Updated: Dec 9, 2020

For reals?


Last month my sister was out to dinner with Mom and two of our cousins. A woman at an adjacent table kept looking over at them, finally speaking up when they got up to leave. She praised my sister on being such a wonderful care partner to our mother, told her that she was a See's Candy rep, and asked if she could send Mom a box of chocolates. The Other Girl replied that Mom loved chocolates and that as Mom's birthday was the following week, the gift would be that much more special. My sister promptly forgot all about it until the chocolates arrived, as promised, on our doorstep on Valentine's Day (Mother's birthday). Mom is all grins when a box of chocolates gets open, and as she munched away The Other Girl relayed the story to me. That got me thinking...
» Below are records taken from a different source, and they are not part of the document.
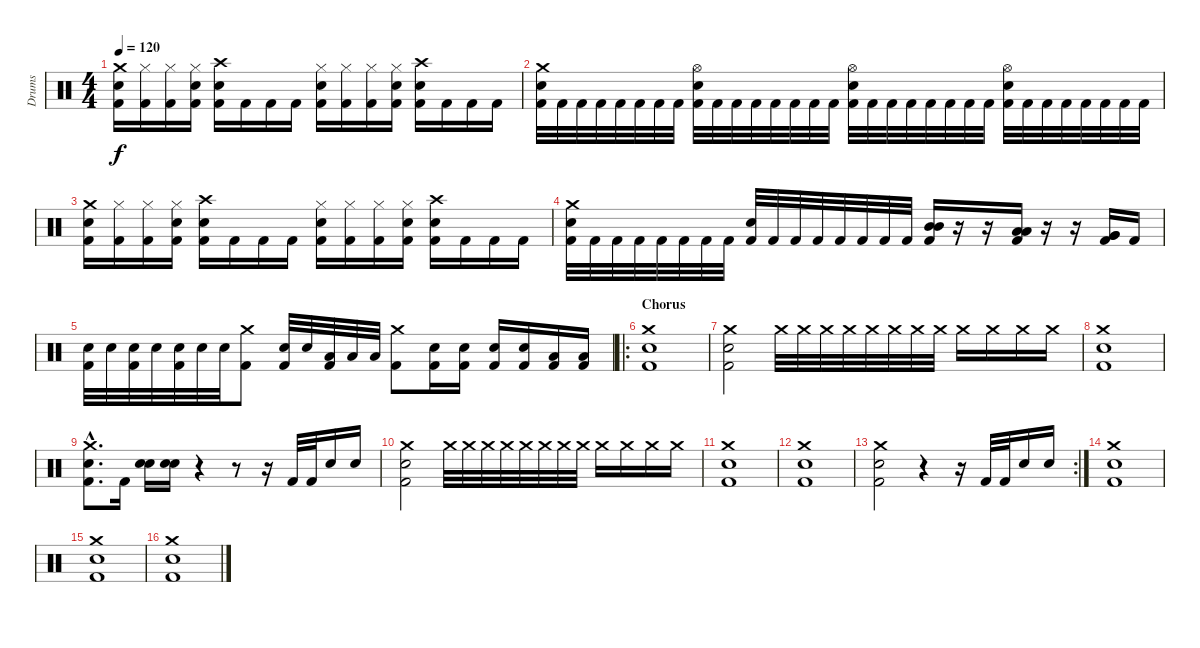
\track ("Drums" "Drums") {instrument percussion}
\staff {score}
\articulation defaults
\ts (4 4)
\tempo 120
\clef neutral
\ks c
("Crash medium (hit)" "Snare (hit) 2" "Kick (hit) 2").16{dy f} ("Hi-Hat (closed)" "Kick (hit) 2").16 ("Hi-Hat (closed)" "Kick (hit) 2").16 ("Hi-Hat (closed)" "Snare (hit) 2" "Kick (hit) 2").16 ("Crash high (hit)" "Snare (hit) 2" "Kick (hit) 2").16 "Kick (hit) 2".16 "Kick (hit) 2".16 "Kick (hit) 2".16 ("Hi-Hat (closed)" "Snare (hit) 2" "Kick (hit) 2").16 ("Hi-Hat (closed)" "Kick (hit) 2").16 ("Hi-Hat (closed)" "Kick (hit) 2").16 ("Hi-Hat (closed)" "Snare (hit) 2" "Kick (hit) 2").16 ("Crash high (hit)" "Snare (hit) 2" "Kick (hit) 2").16 "Kick (hit) 2".16 "Kick (hit) 2".16 "Kick (hit) 2".16 |
("Crash medium (hit)" "Snare (hit) 2" "Kick (hit) 2").32 "Kick (hit) 2".32 "Kick (hit) 2".32 "Kick (hit) 2".32 "Kick (hit) 2".32 "Kick (hit) 2".32 "Kick (hit) 2".32 "Kick (hit) 2".32 ("Hi-Hat (open)" "Snare (hit) 2" "Kick (hit) 2").32 "Kick (hit) 2".32 "Kick (hit) 2".32 "Kick (hit) 2".32 "Kick (hit) 2".32 "Kick (hit) 2".32 "Kick (hit) 2".32 "Kick (hit) 2".32 ("Hi-Hat (open)" "Snare (hit) 2" "Kick (hit) 2").32 "Kick (hit) 2".32 "Kick (hit) 2".32 "Kick (hit) 2".32 "Kick (hit) 2".32 "Kick (hit) 2".32 "Kick (hit) 2".32 "Kick (hit) 2".32 ("Hi-Hat (open)" "Snare (hit) 2" "Kick (hit) 2").32 "Kick (hit) 2".32 "Kick (hit) 2".32 "Kick (hit) 2".32 "Kick (hit) 2".32 "Kick (hit) 2".32 "Kick (hit) 2".32 "Kick (hit) 2".32 |
("Crash medium (hit)" "Snare (hit) 2" "Kick (hit) 2").16 ("Hi-Hat (closed)" "Kick (hit) 2").16 ("Hi-Hat (closed)" "Kick (hit) 2").16 ("Hi-Hat (closed)" "Snare (hit) 2" "Kick (hit) 2").16 ("Crash high (hit)" "Snare (hit) 2" "Kick (hit) 2").16 "Kick (hit) 2".16 "Kick (hit) 2".16 "Kick (hit) 2".16 ("Hi-Hat (closed)" "Snare (hit) 2" "Kick (hit) 2").16 ("Hi-Hat (closed)" "Kick (hit) 2").16 ("Hi-Hat (closed)" "Kick (hit) 2").16 ("Hi-Hat (closed)" "Snare (hit) 2" "Kick (hit) 2").16 ("Crash high (hit)" "Snare (hit) 2" "Kick (hit) 2").16 "Kick (hit) 2".16 "Kick (hit) 2".16 "Kick (hit) 2".16 |
("Crash medium (hit)" "Snare (hit) 2" "Kick (hit) 2").32 "Kick (hit) 2".32 "Kick (hit) 2".32 "Kick (hit) 2".32 "Kick (hit) 2".32 "Kick (hit) 2".32 "Kick (hit) 2".32 "Kick (hit) 2".32 ("Snare (hit) 2" "Kick (hit) 2").32 "Kick (hit) 2".32 "Kick (hit) 2".32 "Kick (hit) 2".32 "Kick (hit) 2".32 "Kick (hit) 2".32 "Kick (hit) 2".32 "Kick (hit) 2".32 ("Mid Tom (hit)" "Mid Tom (hit)" "Kick (hit) 2").16 r.16 r.16 ("Low Tom (hit)" "Low Tom (hit)" "Kick (hit) 2").16 r.16 r.16 ("Very Low Tom (hit)" "Very Low Tom (hit)" "Kick (hit) 2").16 "Kick (hit) 2".16 |
("Snare (hit) 2" "Kick (hit) 2").32 "Snare (hit) 2".32 ("Snare (hit) 2" "Kick (hit) 2").32 "Snare (hit) 2".32 ("Snare (hit) 2" "Kick (hit) 2").32 "Snare (hit) 2".32 "Snare (hit) 2".32 ("Crash medium (hit)" "Kick (hit) 2").8 ("Snare (hit) 2" "Kick (hit) 2").32 "Snare (hit) 2".32 ("Low Tom (hit)" "Kick (hit) 2").32 "Low Tom (hit)".32 "Low Tom (hit)".32 ("Crash medium (hit)" "Kick (hit) 2").8 ("Snare (hit) 2" "Kick (hit) 2").16 ("Snare (hit) 2" "Kick (hit) 2").16 ("Snare (hit) 2" "Kick (hit) 2").16 ("Snare (hit) 2" "Kick (hit) 2").16 ("Low Tom (hit)" "Kick (hit) 2").16 ("Low Tom (hit)" "Kick (hit) 2").16 |
\ro
\section ("" "Chorus")
("Crash medium (hit)" "Snare (hit) 2" "Kick (hit) 2").1 |
("Crash medium (hit)" "Snare (hit) 2" "Kick (hit) 2").2 "Crash medium (hit)".32 "Crash medium (hit)".32 "Crash medium (hit)".32 "Crash medium (hit)".32 "Crash medium (hit)".32 "Crash medium (hit)".32 "Crash medium (hit)".32 "Crash medium (hit)".32 "Crash medium (hit)".16 "Crash medium (hit)".16 "Crash medium (hit)".16 "Crash medium (hit)".16 |
("Crash medium (hit)" "Snare (hit) 2" "Kick (hit) 2").1 |
("Crash medium (hit)"{hac} "Snare (hit) 2"{hac} "Kick (hit) 2"{hac}).8{d} "Kick (hit) 2".16 ("Snare (hit) 2" "Snare (hit) 2").16 ("Snare (hit) 2" "Snare (hit) 2").16 r.4 r.8 r.16 "Kick (hit) 2".32 "Kick (hit) 2".32 "Snare (hit) 2".16 "Snare (hit) 2".16 |
("Crash medium (hit)" "Snare (hit) 2" "Kick (hit) 2").2 "Crash medium (hit)".32 "Crash medium (hit)".32 "Crash medium (hit)".32 "Crash medium (hit)".32 "Crash medium (hit)".32 "Crash medium (hit)".32 "Crash medium (hit)".32 "Crash medium (hit)".32 "Crash medium (hit)".16 "Crash medium (hit)".16 "Crash medium (hit)".16 "Crash medium (hit)".16 |
("Crash medium (hit)" "Snare (hit) 2" "Kick (hit) 2").1 |
("Crash medium (hit)" "Snare (hit) 2" "Kick (hit) 2").1 |
\rc 2
("Crash medium (hit)" "Snare (hit) 2" "Kick (hit) 2").2 r.4 r.16 "Kick (hit) 2".32 "Kick (hit) 2".32 "Snare (hit) 2".16 "Snare (hit) 2".16 |
("Crash medium (hit)" "Snare (hit) 2" "Kick (hit) 2").1 |
("Crash medium (hit)" "Snare (hit) 2" "Kick (hit) 2").1 |
("Crash medium (hit)" "Snare (hit) 2" "Kick (hit) 2").1

YOU MEAN WE COULD BE GETTING SWAG FROM THIS DEMENTIA THING!? FREE STUFF? FOR FREE??? Why didn't someone tell me this before?


A little background here; my father was notoriously cheap. About 90% of the stories told at his memorial involved his frugality, each one of which had us laughing through our tears.


I once drove with my father from Oregon City to Canby, a distance of about 9 miles, in which my dad was ELATED to show me that he had found a route that allowed him to coast all the way to our destination, thus saving him pennies in gas money. I'm talking cheap.

I, being my father's daughter, have inherited a bit of this trait. Not to the legendary extent that my father achieved, but I light up like a bone-dry Christmas tree on fire at the prospect of getting something, anything for free.


So... I've been trying very hard lately to recreate my sister's experience.


At restaurants, movie box office lines, the Clinique counter, I tell Mom, "Act sad. Then when I say something to you look real happy, like I just handed you the keys to the kingdom, okay, Mom?" She will acquiesce, but my mother was never much of an actress, and I'm pretty sure she's not really listening to me anyway, just proffering what she guesses is the appropriate response to shut me up.


I had high hopes when we went to a piano recital at a piano store that we would be coming home with a piano! "Look crazy, Mom." She had already complied because, you know... it's her natural look these days, but nothing. Nobody offered us a piano, or piano lessons, or even volunteered directions to the bathroom when it was obvious that we needed one.

Clearly, I'm doing something wrong. Perchance it's the very act of attempting to leverage my mother's condition into free goods and services. Most likely there's some amoral behavior in there, but I gotta tell 'ya, my dad would be proud.